To restore visual sensation of blind patients, we have proposed a fully implantable retinal prosthesis comprising an three dimensionally (3D) stacked retinal chip for transforming optical signal to electrical signal, a flexible cable with stimulus electrode array for stimulating retina cells, and coupling coils for power transmission. The 3D stacked retinal chip is consisted of several LSI chips such as photodetector, signal processing circuit, and stimulus current generator. They are vertically stacked and electrically connected using 3D integration technology. Our retinal prosthesis has a small size and lightweight with high resolution, therefore it could increase the patients` quality of life (QOL). For realizing the fully implantable retinal prosthesis, we developed a retinal prosthesis module comprising a retinal prosthesis chip and a flexible cable with stimulus electrode array for generating optimal stimulus current.
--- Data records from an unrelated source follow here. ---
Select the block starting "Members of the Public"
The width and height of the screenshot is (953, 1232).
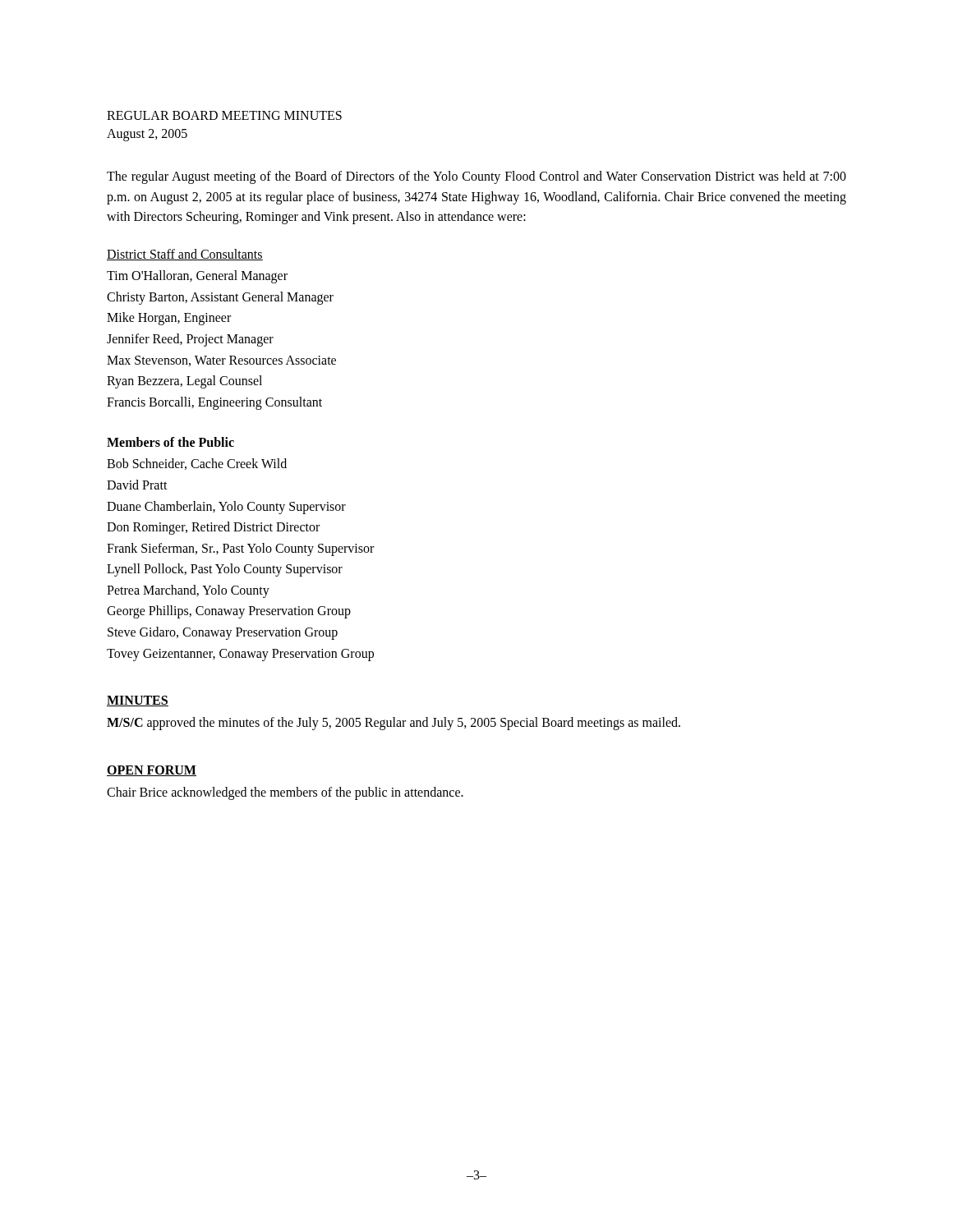tap(171, 443)
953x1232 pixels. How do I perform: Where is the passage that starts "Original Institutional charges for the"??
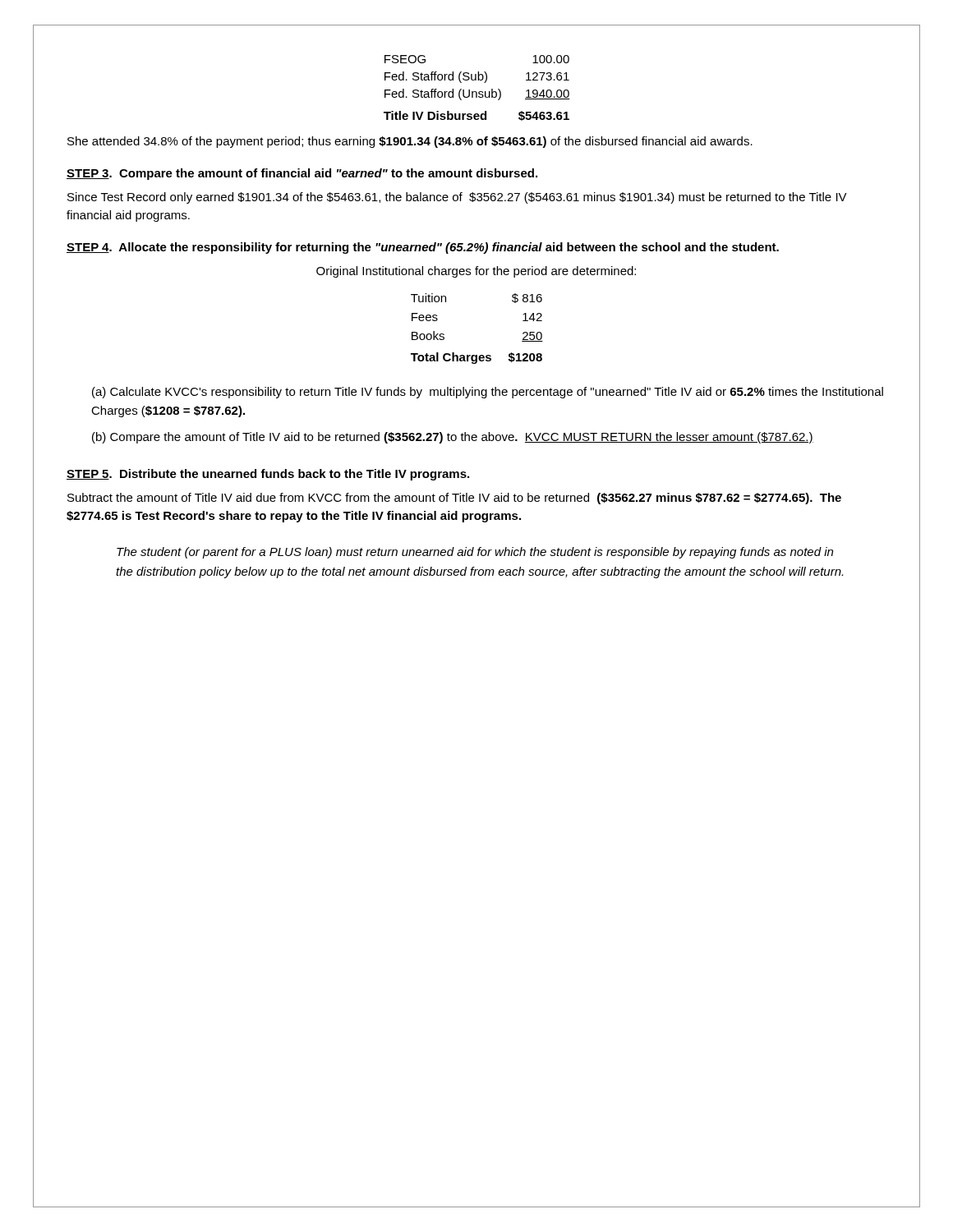tap(476, 270)
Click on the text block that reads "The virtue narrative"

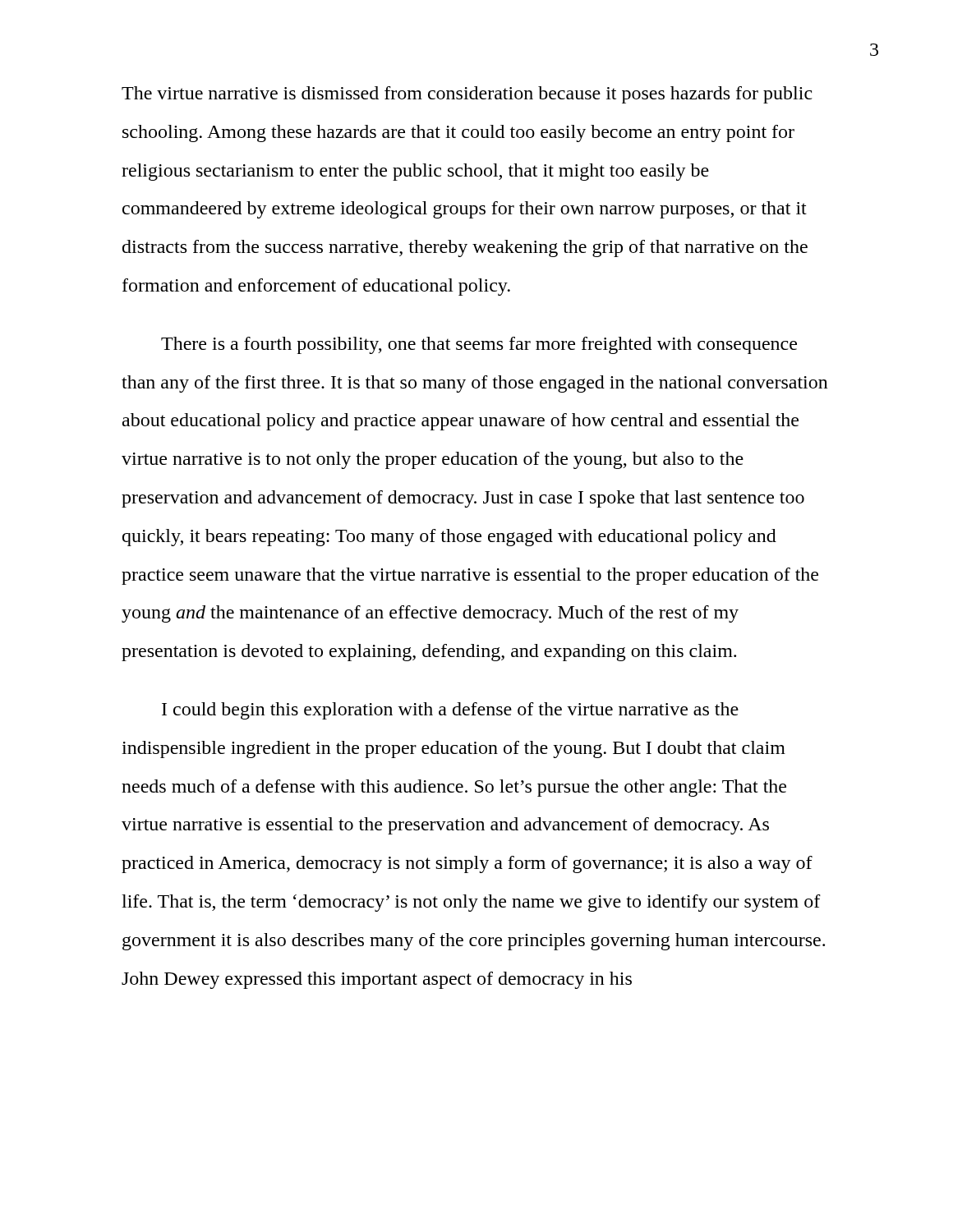pyautogui.click(x=467, y=95)

In this study, we used a 2D retinal chip as a prototype retinal prosthesis chip. We fabricated the polymide-based flexible cable of $20{\mu}m$ thickness where 16 channels Pt stimulus electrode array was formed in the cable. Pt electrode has an impedance of $9.9k{\Omega}$ at 400Hz frequency. The retinal prosthesis chip was mounted on the flexible cable by an epoxy and electrically connected by Au wire. The retinal prosthesis chip was cappted by a silicone to pretect from corrosive environments in an eyeball. Then, the fabricated retinal prosthesis module was implanted into an eyeball of a rabbit. We successfully recorded electrically evoked potential (EEP) elicited from the rabbit brain by the current stimulation supplied from the implanted retinal prosthesis module. EEP amplitude was increased linearly with illumination intensity and irradiation time of incident light. The retinal prosthesis chip was well functioned after implanting into the eyeball of the rabbit.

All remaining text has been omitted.